But David Williams, chairman of Badger Trust, dismissed the claims: "The idea that badgers 'initiate contact' with cattle is just ludicrous. These claims are absurd and are not even supported by the researchers' own data. Their data loggers recorded a so-called 'contact' when badgers were around two metres away from cattle. That's hardly 'contact': the badgers could have been on the other side of a hedge. And the researchers have conspicuously failed to explain how a badger, whose nose is just a few centimetres off the ground, could transmit bovine TB to a cow that is almost two metres tall and two metres away.

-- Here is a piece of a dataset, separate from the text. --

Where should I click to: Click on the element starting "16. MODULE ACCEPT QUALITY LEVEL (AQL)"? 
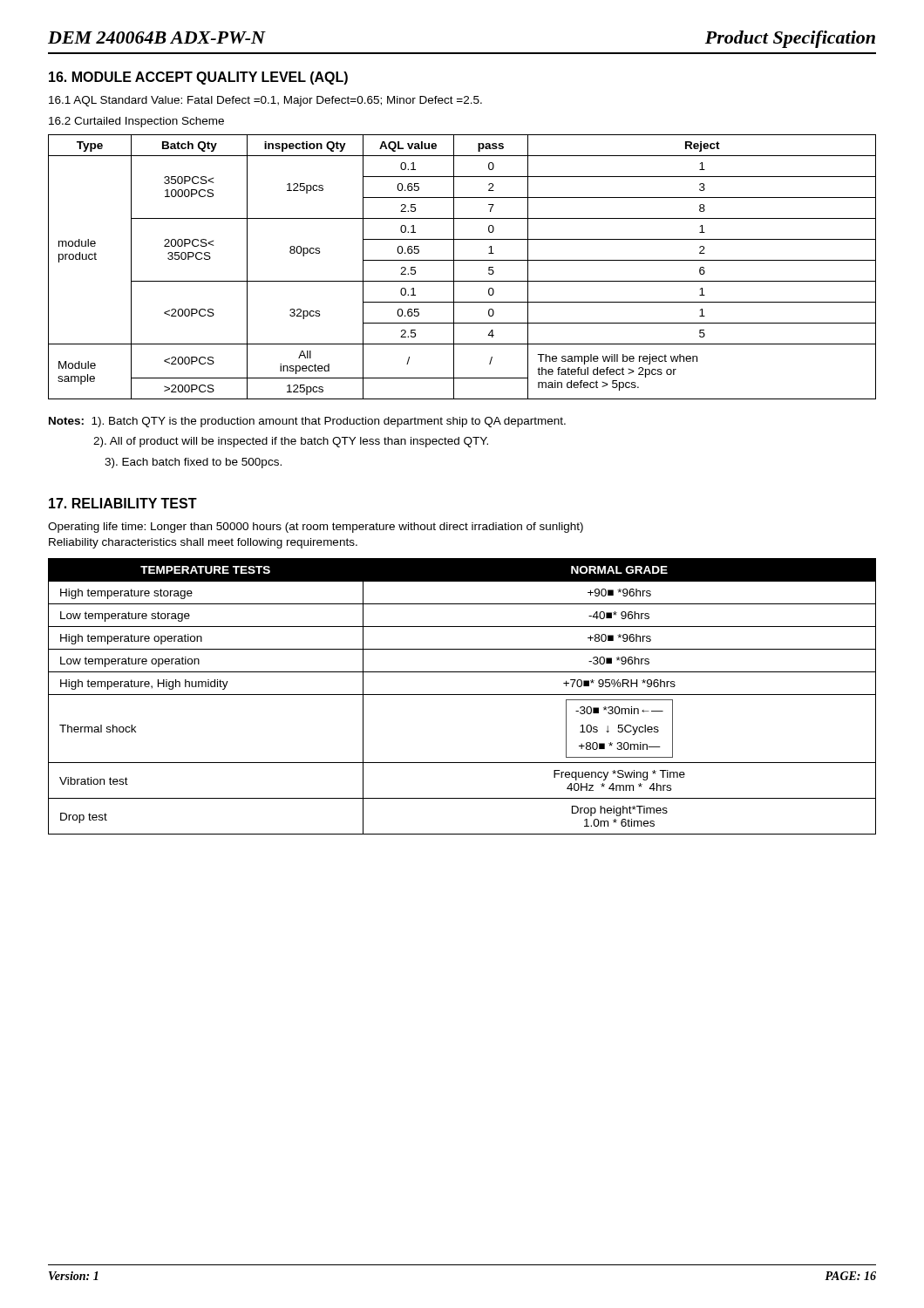pyautogui.click(x=198, y=77)

"Around half of all so-called 'contacts' were for barely a second and the researchers even admit that this so-called 'contact' was 'relatively infrequent'. Indeed, over six months less than half the cattle were anywhere near a badger.

"Of course, the study found that cattle are constantly close to one another, even though the equipment was turned down to intentionally minimise the number of cattle to cattle contacts that were recorded.

Cattle to cattle - both within herds and between herds - is the obvious way in which bovine TB is spread and maintained and this study provides ample evidence for that transmission route.

"The only interesting finding of this study, which confirms the well documented territorial behaviour of badgers, is that neighbouring social groups of badgers almost never came anywhere near one another.

This scotches the view promulgated by farming unions that bovine TB is spread between badger social groups rather than from herd to herd.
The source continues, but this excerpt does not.